Al Snell alaric@alaric-snell.com
Mon, 30 Oct 2000 18:57:23 +0000 (GMT)


On Mon, 30 Oct 2000, Patrick Spinler wrote:

> A hint as to why: you can't balance an on-disk tree the same as an in
> memory tree.  Ergo, they don't get balanced often (typically it's a
> manual operation a DBA has to do).  Ergo, with a sequentially increasing
> key you quickly have a badly balanced index, shit poor performance, and
> the need for frequent database service interruptions to rebalance that
> table.  It's similar for hash structured indexes (think hash bucket
> overflows and overflow chains, here) and worst of all for ISAM's.
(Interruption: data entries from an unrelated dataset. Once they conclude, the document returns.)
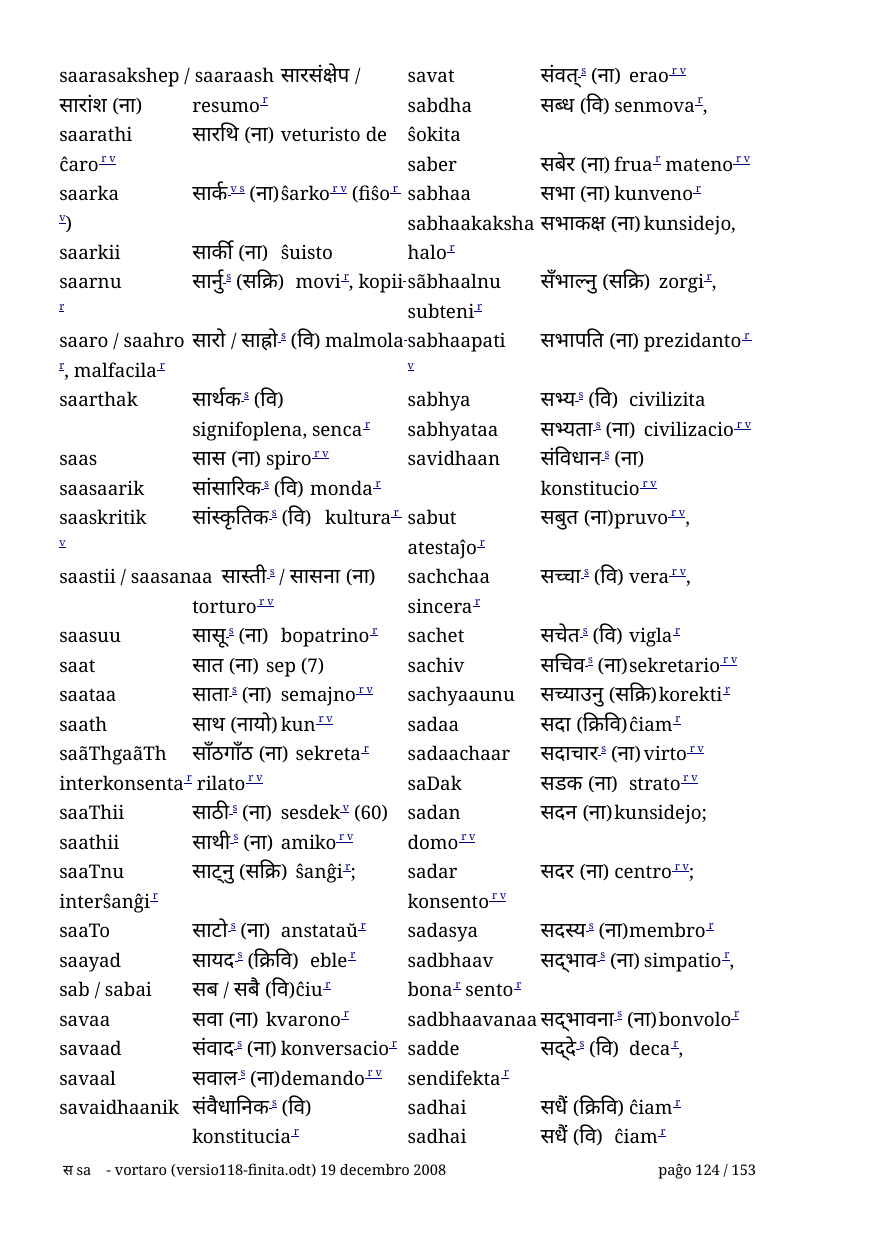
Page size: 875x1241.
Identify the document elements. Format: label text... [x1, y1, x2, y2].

text sadde सद्दे s (वि) deca r, sendifekta r [407, 1032, 756, 1091]
text saaro / saahro सारो / साह्रो s (वि) malmola r, malfacila r [59, 324, 407, 383]
text sadbhaav सद्‌भाव s (ना) simpatio r, bona r sento r [407, 943, 756, 1002]
text sabhaa सभा (ना) kunveno r [407, 177, 756, 206]
text saarthak सार्थक s (वि) signifoplena, senca r [59, 383, 407, 442]
text saayad सायद s (क्रिवि) eble r [59, 943, 407, 973]
text sadar सदर (ना) centro r v; konsento r v [407, 855, 756, 914]
text sadan सदन (ना) kunsidejo; domo r v [407, 796, 756, 855]
text sabhya सभ्य s (वि) civilizita [407, 383, 756, 413]
text sãbhaalnu सँभाल्नु (सक्रि) zorgi r, subteni r [407, 265, 756, 324]
text saaTnu साट्नु (सक्रि) ŝanĝi r; interŝanĝi r [59, 855, 407, 914]
text saaskritik सांस्कृतिक s (वि) kultura r v [59, 501, 407, 560]
text saaThii साठी s (ना) sesdek v (60) [59, 796, 407, 826]
text sadasya सदस्य s (ना) membro r [407, 914, 756, 943]
text saas सास (ना) spiro r v [59, 442, 407, 472]
text saarkii सार्की (ना) ŝuisto [59, 236, 407, 265]
text saastii / saasanaa सास्ती s / सासना (ना) torturo r v [59, 560, 407, 619]
text savat संवत् s (ना) erao r v [407, 59, 756, 88]
text saarnu सार्नु s (सक्रि) movi r, kopii r [59, 265, 407, 324]
text sabhaapati सभापति (ना) prezidanto r v [407, 324, 756, 383]
text sachyaaunu सच्याउनु (सक्रि) korekti r [407, 678, 756, 708]
text saataa साता s (ना) semajno r v [59, 678, 407, 708]
text sachchaa सच्चा s (वि) vera r v, sincera r [407, 560, 756, 619]
text sadhai सधैं (क्रिवि) ĉiam r [407, 1091, 756, 1120]
text savaidhaanik संवैधानिक s (वि) konstitucia r [59, 1091, 407, 1150]
text saãThgaãTh साँठगाँठ (ना) sekreta r interkonsenta r rilato r v [59, 737, 407, 796]
text saaTo साटो s (ना) anstataŭ r [59, 914, 407, 943]
text saat सात (ना) sep (7) [59, 649, 407, 678]
text saarka सार्क v s (ना) ŝarko r v (fiŝo r v) [59, 177, 407, 236]
text savidhaan संविधान s (ना) konstitucio r v [407, 442, 756, 501]
text sachet सचेत s (वि) vigla r [407, 619, 756, 649]
text saber सबेर (ना) frua r mateno r v [407, 147, 756, 177]
text sadaa सदा (क्रिवि) ĉiam r [407, 708, 756, 737]
text sabut सबुत (ना) pruvo r v, atestaĵo r [407, 501, 756, 560]
text sachiv सचिव s (ना) sekretario r v [407, 649, 756, 678]
text saath साथ (नायो) kun r v [59, 708, 407, 737]
text saarathi सारथि (ना) veturisto de ĉaro r v [59, 118, 407, 177]
text saasuu सासू s (ना) bopatrino r [59, 619, 407, 649]
text sadbhaavanaa सद्‌भावना s (ना) bonvolo r [407, 1002, 756, 1032]
text saDak सडक (ना) strato r v [407, 767, 756, 796]
text sabhyataa सभ्यता s (ना) civilizacio r v [407, 413, 756, 442]
text savaal सवाल s (ना) demando r v [59, 1061, 407, 1091]
text savaad संवाद s (ना) konversacio r [59, 1032, 407, 1061]
text savaa सवा (ना) kvarono r [59, 1002, 407, 1032]
text sabdha सब्ध (वि) senmova r, ŝokita [407, 88, 756, 147]
text saathii साथी s (ना) amiko r v [59, 826, 407, 855]
text sadaachaar सदाचार s (ना) virto r v [407, 737, 756, 767]
text saarasakshep / saaraash सारसंक्षेप / सारांश (ना) resumo r [59, 59, 407, 118]
text saasaarik सांसारिक s (वि) monda r [59, 472, 407, 501]
text sadhai सधैं (वि) ĉiam r [407, 1120, 756, 1150]
text sabhaakaksha सभाकक्ष (ना) kunsidejo, halo r [407, 206, 756, 265]
text sab / sabai सब / सबै (वि) ĉiu r [59, 973, 407, 1002]

I beg to disagree; on-disk index trees should be designed to autobalance,
as in they do not need balancing since they use things like B+ trees that
avoid unbalancing in the first place! And hash tables, by their very
nature, will not care about the sequentiality of the key data if you think
about it. The hash of a sequential key won't be anywhere near sequential -
or exhibit any real patterns - unless the hash function sucks.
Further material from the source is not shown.